Lots of green politics people don’t bother with this conversation any more and just get on with things. Because as soon as I say something like green politics is distinct from LW politics, some LW people immediately position that within LW paradigms of L//R and then eventually we have to have another round of will the Greens really go with National etc. Or the argument you’ve just made about power as if that’s the only thing going on, and the conversation is always within LW constructs not green ones. And then we hit the inevitable problem of ‘look the conversation just became polarised left vs green’. Which misses the point.
I wasn’t actually referring to that L/R spectrum stuff in the post (and there’s a limit to how long I want to debate this as if I was, because I’m really not saying that the GP can be right too, of course they’re left wing). I was pointing to the fact that there are things that need to be understood about our situation, they’re not currently being understood within traditional LW political analysis, and they are being addressed by green politics. For me that’s a good thing, because as a LW person I can do both and benefit from the differences (more than the sum of the parts). Political biodiversity.
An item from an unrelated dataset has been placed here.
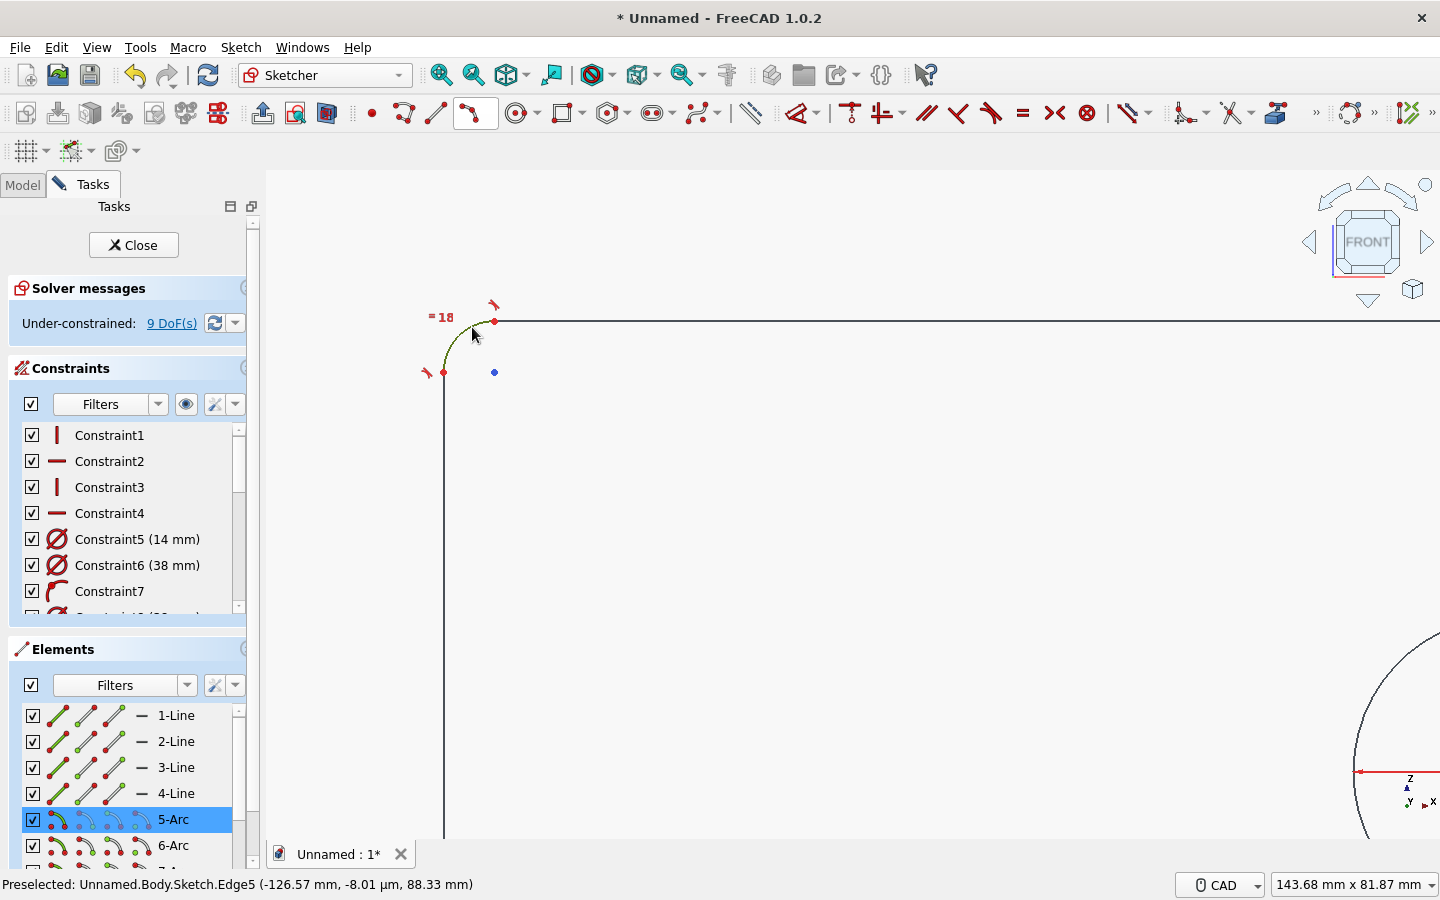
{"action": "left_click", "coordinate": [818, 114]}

“The thing that is ignored in the beyond left & right paradigm, is the nature of power.”
No, it’s really not. Have a look at the GP Charter again. It directly addresses the nature of power-over. But it also addresses other kinds of power.
If I went and read wikipedia about traditional LW politics, say Marxism or anti-capitalism, I would get a good enough general understanding of the lay of the land. But I wouldn’t have the ability to understand what it was really about unless I either went and read primary course material, or read good secondary analyses.
The fact that you and I are now having a conversation in the context of LW values and ideas instead of green ones, tells me there is a missing language here. If this were immersed in green politics we’d already be naturally including the concepts I referred to in the post. Biomimicry, cradle to grave, systems thinking.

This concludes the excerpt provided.